Bebeu tudo de uma vez.
Teve tempo de se deitar sobre a cama e de adormecer com a cabeça sobre as almofadas. No fim, sempre foi incapaz de conter aquela última lágrima.
A Rainha está morta!
Longa vida à Rainha!
.....
Nota da Autora
A vida não é justa, mas não se enganem, porque também não é injusta. É simplesmente aleatória. É injusta quando coisas boas acontecem a gente má e vice-versa, e é justa quando coisas más acontecem a pessoas más e coisas boas acontecem a pessoas boas.
A morte da Rainha? Bem, isso não é culpa da vida, é culpa minha 😂
Alguns de vocês são escritores, right? Algumas pessoas planeiam tudo ao milímetro, criam mundos na sua mente, alinhavam tudo para ter a certeza que cosem a direito. Para mim, principalmente neste projeto, é mais como se eu estivesse a descobrir algo que já aconteceu. Não matem o mensageiro!
Mas bem, agora já sabem, meus amores. Já sabem porque é que a Rainha andava distraída, porque é que começou a treinar Branca de Neve, porque é que decidiu chamar o Jornalista mesmo sabendo o risco que estava a tomar ao fazê-lo. Ela é teimosa, e continuou teimosa até ao fim... even if it kills her.
Além disso... Uma jarra de veneno com rosas a sair do topo? Does it sound familiar?😂 😂
Tive que chamar o meu Eça de Queiroz interior para estas descrições. Bricadeiras à parte, é mesmo neste tipo de escrita que eu me sinto mais confortável. Porquê ter ação, ou um plot, quando se pode passar 1700 palavras a descrever um quarto, uma casa de banho e um vestido, por essa ordem??

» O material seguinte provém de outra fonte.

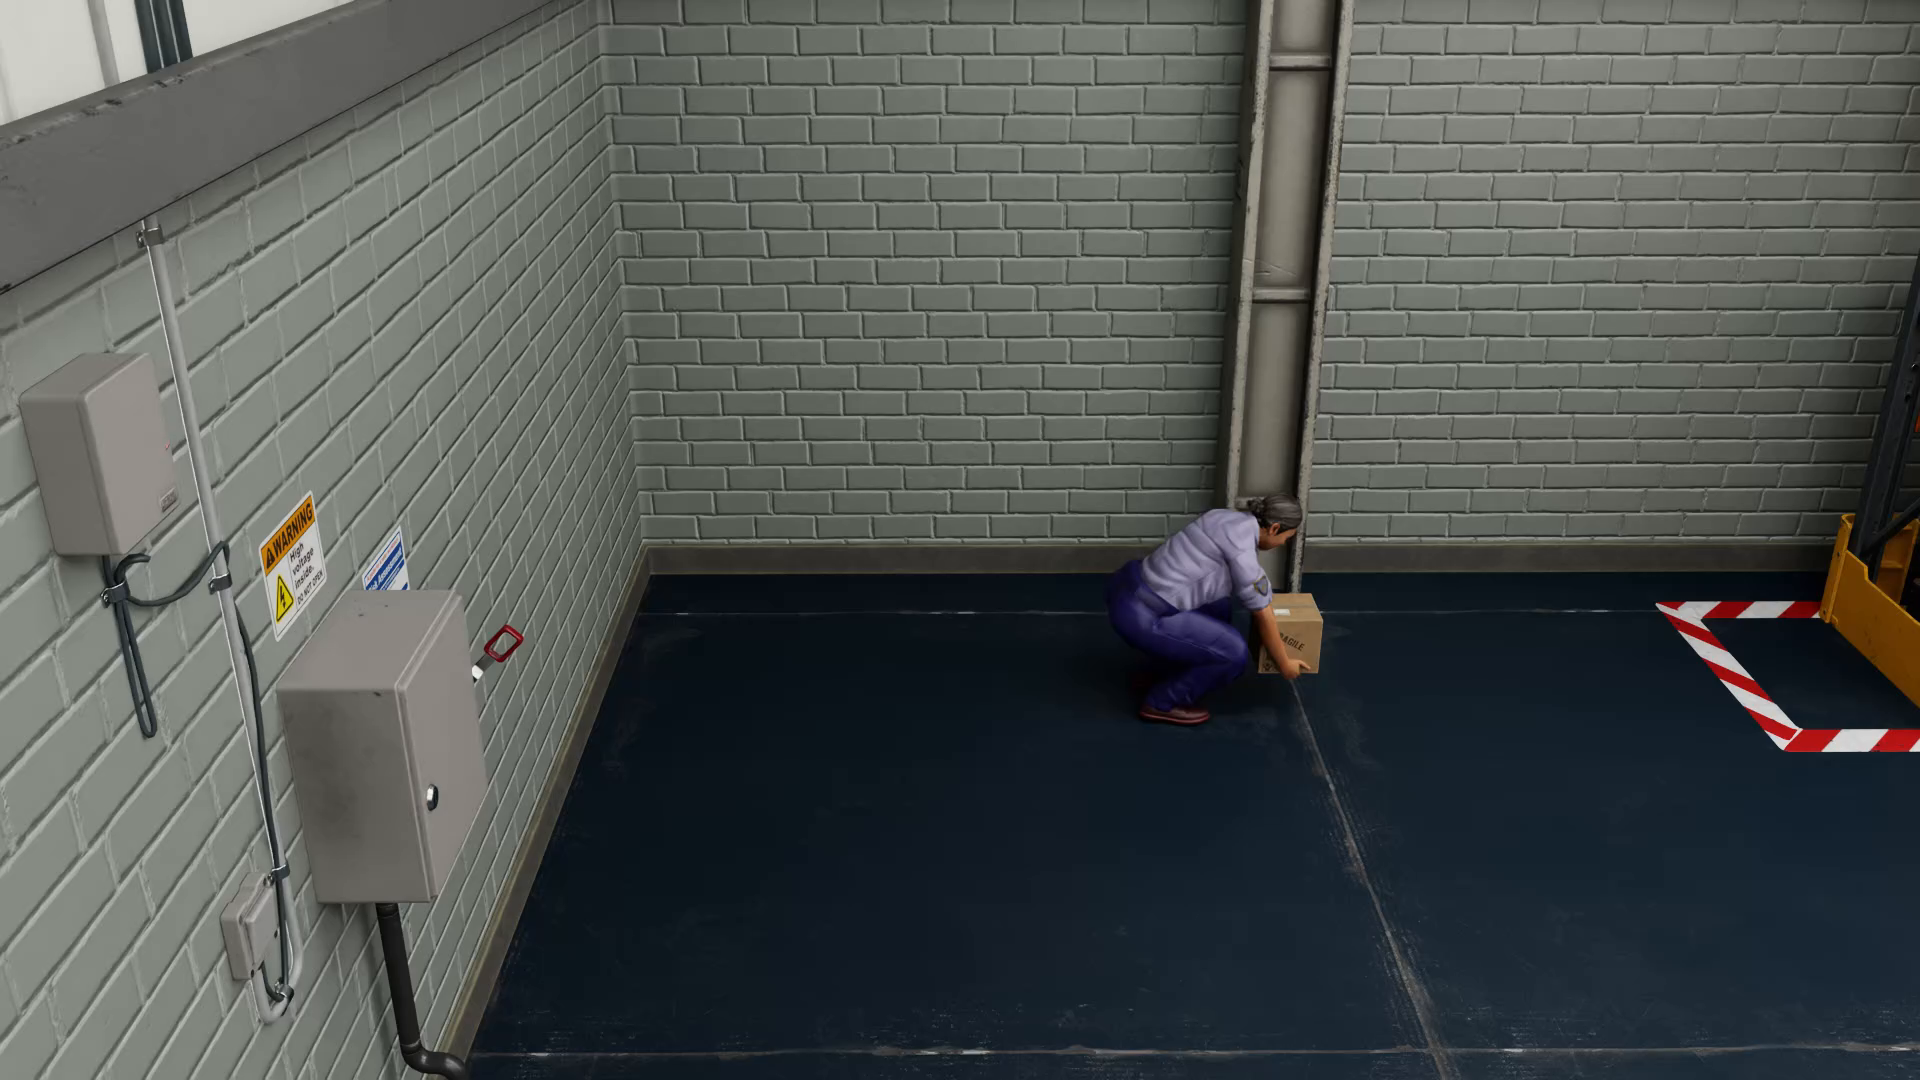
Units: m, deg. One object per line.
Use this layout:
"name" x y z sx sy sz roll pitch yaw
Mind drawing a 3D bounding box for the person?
"person" 1.027 0.268 6.902 0.848 0.943 0.493 -1 24 -2

Eu duvido que vá descrever o que acontece depois. Não sei como é que Annemie Falke aka Branca de Neve reagirá ao abrir a carta, ou ao correr para o quarto para a encontrar assim. Honestamente, nem sequer quero pensar nisso...
À partida, não haverá mais Corte das Mentiras —pelo menos, não nesta iteração— e, portanto, este é o nosso "adeus". Por agora ^3^Beijinhossss!!!